Nanna2: "What's that... you want some milk? Heeeerrrrre puddy puddy puddy!" Nanna1 joins in smooching etc
While this is going on N3 begins to twitch slightly, not being able to control her movement, the twitches get bigger and more mechanical looking, SH, after forcing the lolcat to be petted by N1 & N2 hurredly tries to fix her, opening a door attached to her back—made of cardboard, attached to her clothes which are cut to cover the door when it opens so it looks like she is being opened up.

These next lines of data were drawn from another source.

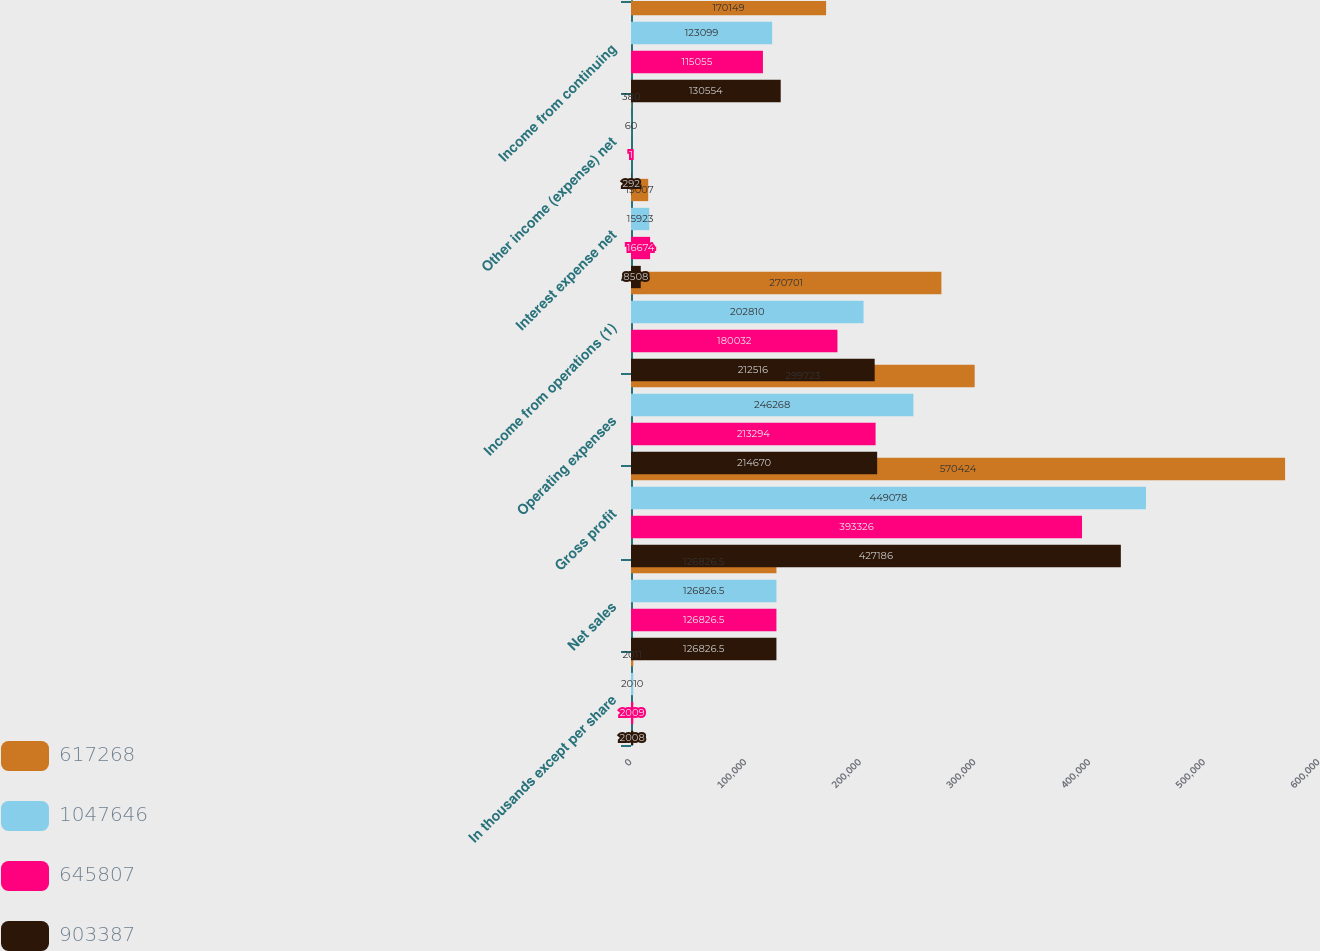Convert chart. <chart><loc_0><loc_0><loc_500><loc_500><stacked_bar_chart><ecel><fcel>In thousands except per share<fcel>Net sales<fcel>Gross profit<fcel>Operating expenses<fcel>Income from operations (1)<fcel>Interest expense net<fcel>Other income (expense) net<fcel>Income from continuing<nl><fcel>617268<fcel>2011<fcel>126826<fcel>570424<fcel>299723<fcel>270701<fcel>15007<fcel>380<fcel>170149<nl><fcel>1.04765e+06<fcel>2010<fcel>126826<fcel>449078<fcel>246268<fcel>202810<fcel>15923<fcel>60<fcel>123099<nl><fcel>645807<fcel>2009<fcel>126826<fcel>393326<fcel>213294<fcel>180032<fcel>16674<fcel>1<fcel>115055<nl><fcel>903387<fcel>2008<fcel>126826<fcel>427186<fcel>214670<fcel>212516<fcel>8508<fcel>292<fcel>130554<nl></chart> 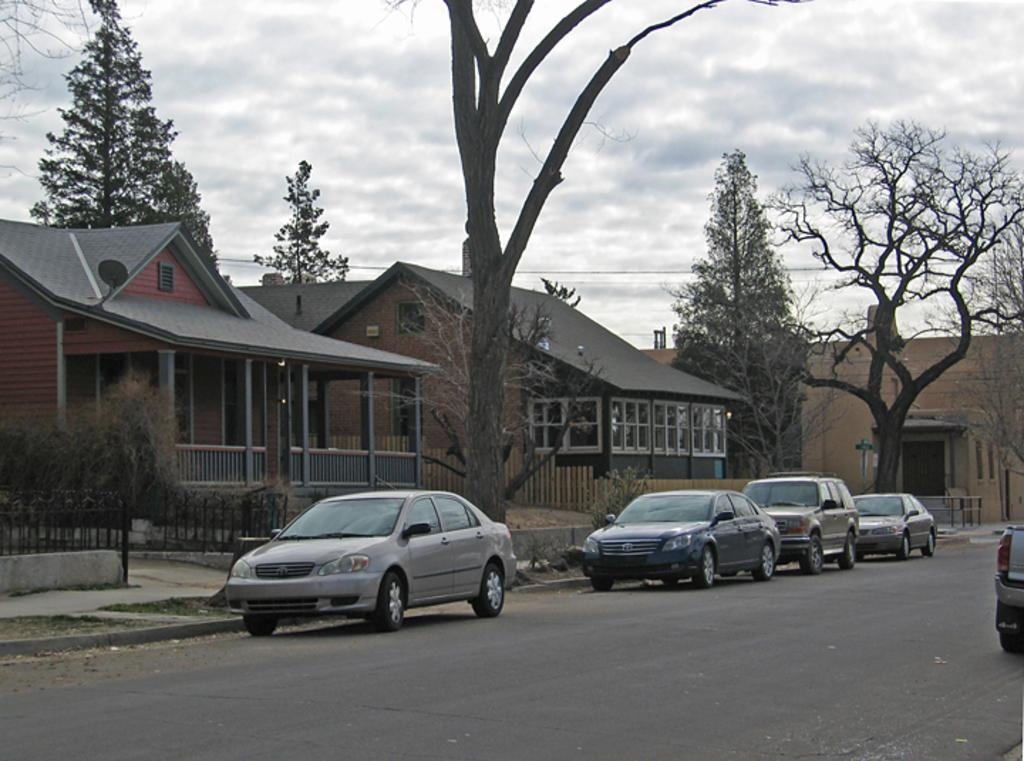What can be seen on the road in the image? There are many vehicles on the road in the image. What type of structures can be seen in the image? There are houses visible in the image. What natural elements are present in the image? Trees are present in the image. What type of barrier can be seen in the image? There is a fence in the image. What type of vegetation is visible in the image? A plant is visible in the image. What man-made structures are present in the image? Electric wires are present in the image. What is the weather like in the image? The sky is cloudy in the image. What type of pump is visible in the image? There is no pump present in the image. What type of sheet is covering the trees in the image? There is no sheet covering the trees in the image; the trees are visible without any coverings. 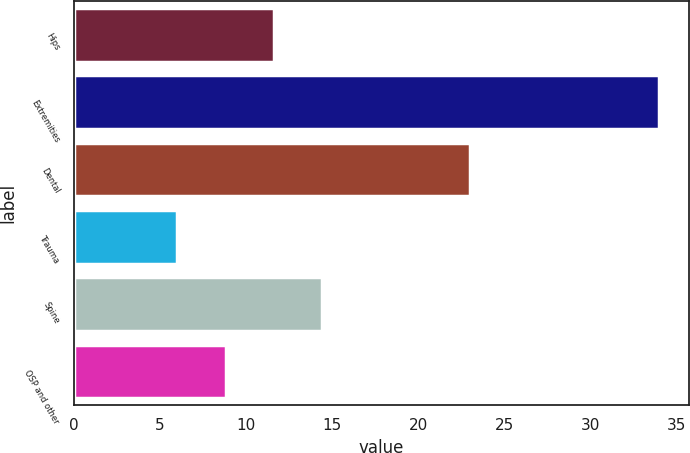Convert chart. <chart><loc_0><loc_0><loc_500><loc_500><bar_chart><fcel>Hips<fcel>Extremities<fcel>Dental<fcel>Trauma<fcel>Spine<fcel>OSP and other<nl><fcel>11.6<fcel>34<fcel>23<fcel>6<fcel>14.4<fcel>8.8<nl></chart> 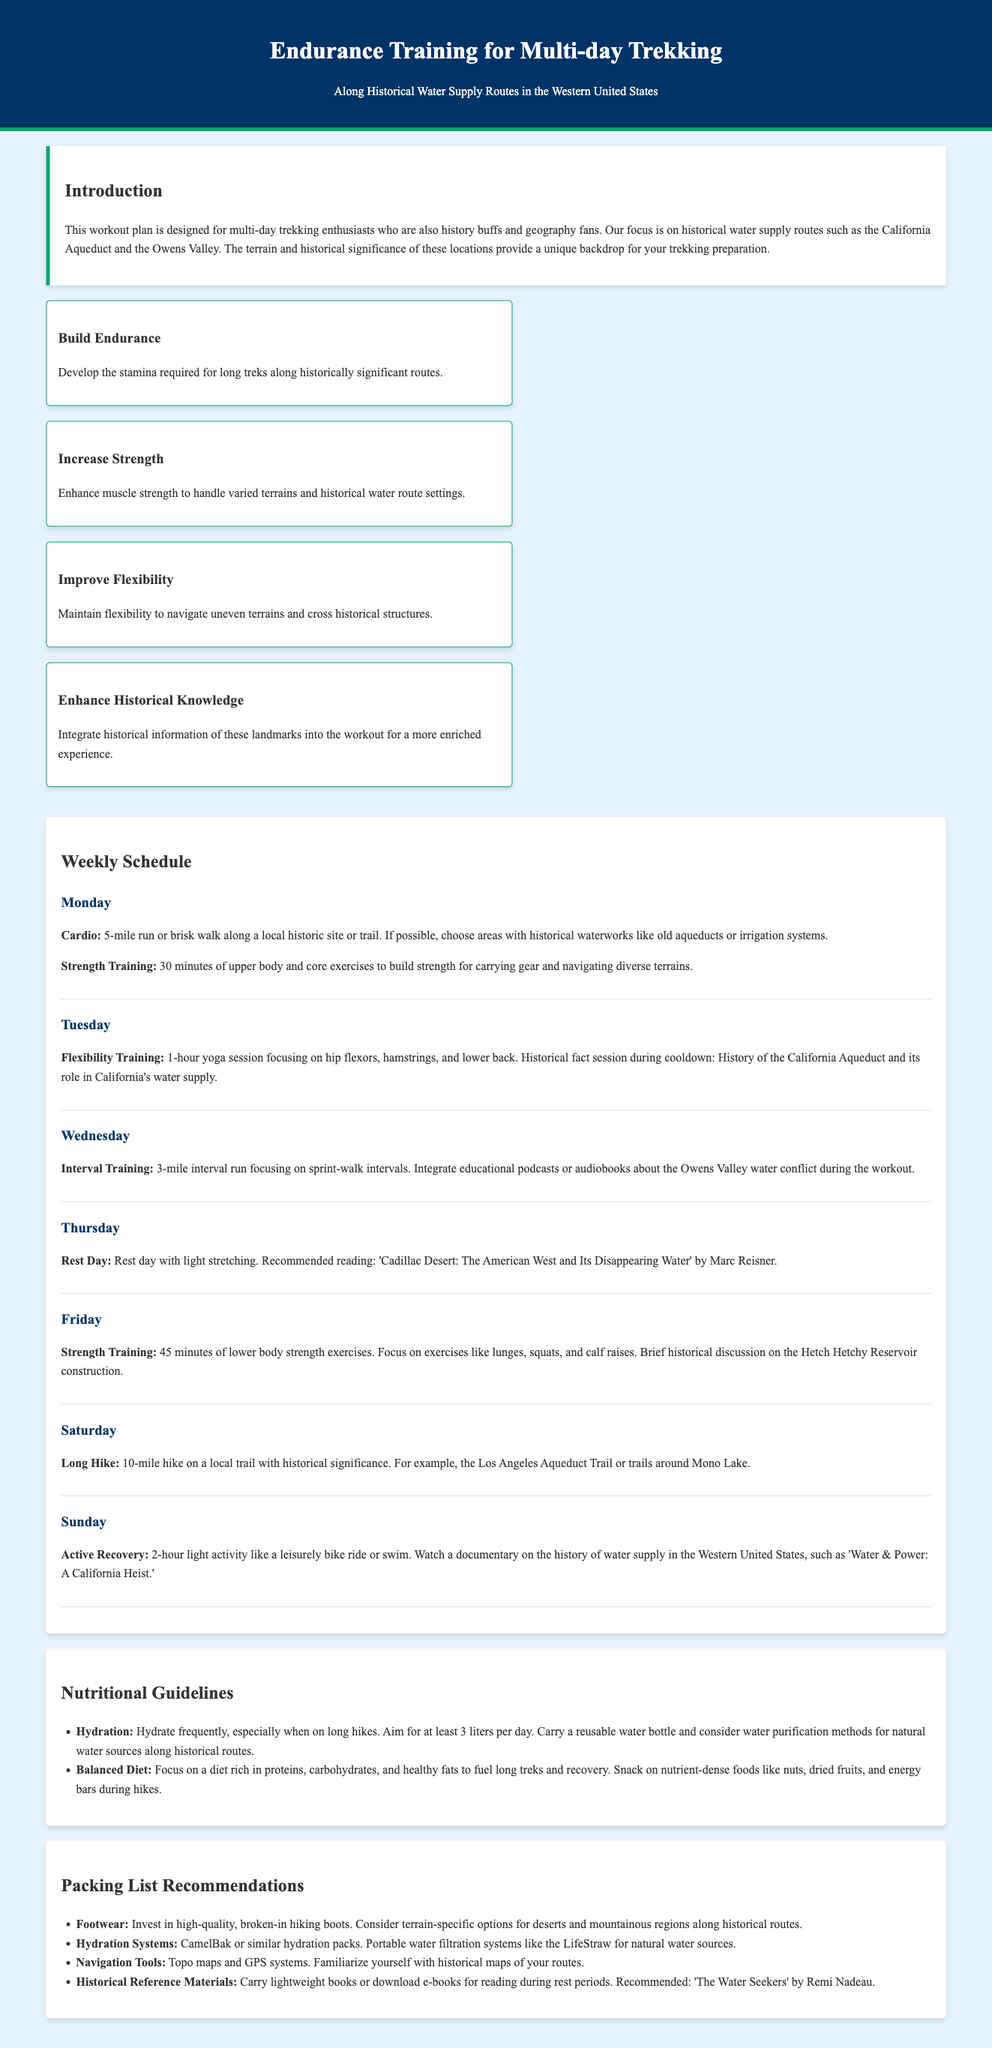What is the title of the workout plan? The title of the workout plan is stated at the top of the document.
Answer: Endurance Training for Multi-day Trekking What is the goal of Tuesday's workout? The goal of Tuesday's workout is detailed in the Weekly Schedule section.
Answer: Flexibility Training How long should the long hike on Saturday be? The specific distance of the hike is mentioned in the Saturday section of the Weekly Schedule.
Answer: 10-mile What book is recommended for reading on Thursday? The recommended reading is given in the context of a rest day.
Answer: Cadillac Desert: The American West and Its Disappearing Water What is one of the hydration recommendations mentioned? The specific hydration recommendation is found in the Nutritional Guidelines section.
Answer: Hydrate frequently, especially when on long hikes What is the focus of strength training on Wednesday? The focus for Wednesday's strength training can be inferred from the Weekly Schedule.
Answer: Lower body strength exercises Which historical site is suggested for the Monday run? The specific type of location is mentioned in the description of the exercise for Monday.
Answer: Local historic site or trail What type of training is incorporated during the cooldown on Tuesday? This is stated in the Tuesday section of the Weekly Schedule.
Answer: Historical fact session What is the purpose of the “Enhance Historical Knowledge” objective? This objective is outlined among the section that details workout goals.
Answer: Integrate historical information of these landmarks into the workout

SH fiddles around, pushing buttons etc, N3 shuts down and then wakes up a few times, uttering disconnected phrases such as:
“Would you like a cup of tea, dear?” “Here, have a nickel,”
SAG: "Uhh... heh... nothing to worry about here!"
Nanna3 then slumps down completely, she has obviously shut down for good this time, SAG looks to the SH hopefully who shrugs at him, not knowing what to do with the now defunct robot.
Ok that's all that is scripted so far, but basically what happens is Nanna3 suddenly wakes up, some of her wires have been crossed and she's now evil, angry, and hell bent on killing everyone with the chainsaw she found under her blanket. A Benny Hill style scene ensues with Nanna3 chasing various cast members around the stage on her electric wheelchair, brandishing said chainsaw. Everyone dies in a terrible massacre with lots of fake blood, and as the lights go down a VO says quickly: "Comes in Muriel, Ethel, Margaret and Agnes. Dentures not included." End.